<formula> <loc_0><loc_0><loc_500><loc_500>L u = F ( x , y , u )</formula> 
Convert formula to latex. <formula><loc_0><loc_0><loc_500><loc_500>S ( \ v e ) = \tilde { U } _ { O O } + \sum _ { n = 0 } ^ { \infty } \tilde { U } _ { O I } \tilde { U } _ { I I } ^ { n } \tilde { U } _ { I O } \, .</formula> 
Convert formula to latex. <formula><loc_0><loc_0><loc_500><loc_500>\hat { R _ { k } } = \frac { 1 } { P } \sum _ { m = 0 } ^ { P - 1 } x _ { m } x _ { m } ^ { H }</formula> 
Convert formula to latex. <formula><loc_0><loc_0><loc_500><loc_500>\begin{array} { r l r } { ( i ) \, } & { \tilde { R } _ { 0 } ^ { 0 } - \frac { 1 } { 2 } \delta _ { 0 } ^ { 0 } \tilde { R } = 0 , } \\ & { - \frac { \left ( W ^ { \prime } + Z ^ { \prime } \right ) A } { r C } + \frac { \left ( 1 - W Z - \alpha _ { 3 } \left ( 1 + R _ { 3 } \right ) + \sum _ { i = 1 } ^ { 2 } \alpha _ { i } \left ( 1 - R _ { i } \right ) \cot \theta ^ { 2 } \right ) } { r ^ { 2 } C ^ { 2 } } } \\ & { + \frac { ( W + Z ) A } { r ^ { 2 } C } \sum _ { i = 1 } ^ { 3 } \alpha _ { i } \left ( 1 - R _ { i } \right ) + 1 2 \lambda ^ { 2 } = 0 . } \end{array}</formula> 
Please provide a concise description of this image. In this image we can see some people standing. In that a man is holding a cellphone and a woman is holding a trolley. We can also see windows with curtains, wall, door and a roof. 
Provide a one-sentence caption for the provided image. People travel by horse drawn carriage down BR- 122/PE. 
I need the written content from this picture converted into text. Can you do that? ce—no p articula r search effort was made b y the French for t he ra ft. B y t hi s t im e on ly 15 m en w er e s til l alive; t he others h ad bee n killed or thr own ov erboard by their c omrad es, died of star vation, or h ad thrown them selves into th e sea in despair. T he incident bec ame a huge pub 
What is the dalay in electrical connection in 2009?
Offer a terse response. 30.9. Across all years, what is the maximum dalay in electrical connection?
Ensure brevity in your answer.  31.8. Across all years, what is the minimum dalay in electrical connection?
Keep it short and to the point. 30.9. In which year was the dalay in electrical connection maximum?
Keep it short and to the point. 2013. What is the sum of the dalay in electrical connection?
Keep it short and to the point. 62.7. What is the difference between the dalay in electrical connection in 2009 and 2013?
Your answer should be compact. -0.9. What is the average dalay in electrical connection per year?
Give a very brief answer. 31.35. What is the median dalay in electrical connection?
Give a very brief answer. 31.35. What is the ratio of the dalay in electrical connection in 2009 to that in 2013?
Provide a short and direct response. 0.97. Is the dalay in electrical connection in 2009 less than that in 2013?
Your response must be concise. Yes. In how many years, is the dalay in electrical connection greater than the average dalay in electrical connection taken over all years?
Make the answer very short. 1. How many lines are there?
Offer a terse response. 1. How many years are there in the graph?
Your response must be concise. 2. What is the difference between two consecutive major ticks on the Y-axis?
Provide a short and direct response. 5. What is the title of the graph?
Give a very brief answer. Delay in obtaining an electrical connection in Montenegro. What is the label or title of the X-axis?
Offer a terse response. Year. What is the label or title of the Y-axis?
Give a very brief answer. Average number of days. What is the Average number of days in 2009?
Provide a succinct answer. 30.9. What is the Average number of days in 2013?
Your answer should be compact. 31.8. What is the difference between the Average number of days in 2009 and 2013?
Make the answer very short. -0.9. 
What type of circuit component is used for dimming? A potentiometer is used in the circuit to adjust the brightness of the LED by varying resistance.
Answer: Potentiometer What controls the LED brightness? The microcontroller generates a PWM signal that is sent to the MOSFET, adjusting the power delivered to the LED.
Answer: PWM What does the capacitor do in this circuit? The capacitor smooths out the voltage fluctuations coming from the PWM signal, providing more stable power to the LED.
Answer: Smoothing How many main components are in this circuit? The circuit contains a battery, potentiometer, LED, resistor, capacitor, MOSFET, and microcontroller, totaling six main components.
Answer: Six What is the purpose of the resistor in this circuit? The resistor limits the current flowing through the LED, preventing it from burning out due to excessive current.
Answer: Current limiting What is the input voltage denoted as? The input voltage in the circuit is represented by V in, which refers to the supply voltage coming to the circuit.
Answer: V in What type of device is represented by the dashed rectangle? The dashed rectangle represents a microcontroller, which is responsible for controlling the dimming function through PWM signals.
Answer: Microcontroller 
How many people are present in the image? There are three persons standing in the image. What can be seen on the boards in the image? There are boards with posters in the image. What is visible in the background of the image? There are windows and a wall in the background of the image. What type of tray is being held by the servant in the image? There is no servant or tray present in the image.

----

Problem details:
Set down each record verbatim.

Task response:
<formula> <loc_0><loc_0><loc_500><loc_500>L u = F ( x , y , u )</formula> 
Convert formula to latex. <formula><loc_0><loc_0><loc_500><loc_500>S ( \ v e ) = \tilde { U } _ { O O } + \sum _ { n = 0 } ^ { \infty } \tilde { U } _ { O I } \tilde { U } _ { I I } ^ { n } \tilde { U } _ { I O } \, .</formula> 
Convert formula to latex. <formula><loc_0><loc_0><loc_500><loc_500>\hat { R _ { k } } = \frac { 1 } { P } \sum _ { m = 0 } ^ { P - 1 } x _ { m } x _ { m } ^ { H }</formula> 
Convert formula to latex. <formula><loc_0><loc_0><loc_500><loc_500>\begin{array} { r l r } { ( i ) \, } & { \tilde { R } _ { 0 } ^ { 0 } - \frac { 1 } { 2 } \delta _ { 0 } ^ { 0 } \tilde { R } = 0 , } \\ & { - \frac { \left ( W ^ { \prime } + Z ^ { \prime } \right ) A } { r C } + \frac { \left ( 1 - W Z - \alpha _ { 3 } \left ( 1 + R _ { 3 } \right ) + \sum _ { i = 1 } ^ { 2 } \alpha _ { i } \left ( 1 - R _ { i } \right ) \cot \theta ^ { 2 } \right ) } { r ^ { 2 } C ^ { 2 } } } \\ & { + \frac { ( W + Z ) A } { r ^ { 2 } C } \sum _ { i = 1 } ^ { 3 } \alpha _ { i } \left ( 1 - R _ { i } \right ) + 1 2 \lambda ^ { 2 } = 0 . } \end{array}</formula> 
Please provide a concise description of this image. In this image we can see some people standing. In that a man is holding a cellphone and a woman is holding a trolley. We can also see windows with curtains, wall, door and a roof. 
Provide a one-sentence caption for the provided image. People travel by horse drawn carriage down BR- 122/PE. 
I need the written content from this picture converted into text. Can you do that? ce—no p articula r search effort was made b y the French for t he ra ft. B y t hi s t im e on ly 15 m en w er e s til l alive; t he others h ad bee n killed or thr own ov erboard by their c omrad es, died of star vation, or h ad thrown them selves into th e sea in despair. T he incident bec ame a huge pub 
What is the dalay in electrical connection in 2009?
Offer a terse response. 30.9. Across all years, what is the maximum dalay in electrical connection?
Ensure brevity in your answer.  31.8. Across all years, what is the minimum dalay in electrical connection?
Keep it short and to the point. 30.9. In which year was the dalay in electrical connection maximum?
Keep it short and to the point. 2013. What is the sum of the dalay in electrical connection?
Keep it short and to the point. 62.7. What is the difference between the dalay in electrical connection in 2009 and 2013?
Your answer should be compact. -0.9. What is the average dalay in electrical connection per year?
Give a very brief answer. 31.35. What is the median dalay in electrical connection?
Give a very brief answer. 31.35. What is the ratio of the dalay in electrical connection in 2009 to that in 2013?
Provide a short and direct response. 0.97. Is the dalay in electrical connection in 2009 less than that in 2013?
Your response must be concise. Yes. In how many years, is the dalay in electrical connection greater than the average dalay in electrical connection taken over all years?
Make the answer very short. 1. How many lines are there?
Offer a terse response. 1. How many years are there in the graph?
Your response must be concise. 2. What is the difference between two consecutive major ticks on the Y-axis?
Provide a short and direct response. 5. What is the title of the graph?
Give a very brief answer. Delay in obtaining an electrical connection in Montenegro. What is the label or title of the X-axis?
Offer a terse response. Year. What is the label or title of the Y-axis?
Give a very brief answer. Average number of days. What is the Average number of days in 2009?
Provide a succinct answer. 30.9. What is the Average number of days in 2013?
Your answer should be compact. 31.8. What is the difference between the Average number of days in 2009 and 2013?
Make the answer very short. -0.9. 
What type of circuit component is used for dimming? A potentiometer is used in the circuit to adjust the brightness of the LED by varying resistance.
Answer: Potentiometer What controls the LED brightness? The microcontroller generates a PWM signal that is sent to the MOSFET, adjusting the power delivered to the LED.
Answer: PWM What does the capacitor do in this circuit? The capacitor smooths out the voltage fluctuations coming from the PWM signal, providing more stable power to the LED.
Answer: Smoothing How many main components are in this circuit? The circuit contains a battery, potentiometer, LED, resistor, capacitor, MOSFET, and microcontroller, totaling six main components.
Answer: Six What is the purpose of the resistor in this circuit? The resistor limits the current flowing through the LED, preventing it from burning out due to excessive current.
Answer: Current limiting What is the input voltage denoted as? The input voltage in the circuit is represented by V in, which refers to the supply voltage coming to the circuit.
Answer: V in What type of device is represented by the dashed rectangle? The dashed rectangle represents a microcontroller, which is responsible for controlling the dimming function through PWM signals.
Answer: Microcontroller 
How many people are present in the image? There are three persons standing in the image. What can be seen on the boards in the image? There are boards with posters in the image. What is visible in the background of the image? There are windows and a wall in the background of the image. What type of tray is being held by the servant in the image? There is no servant or tray present in the image.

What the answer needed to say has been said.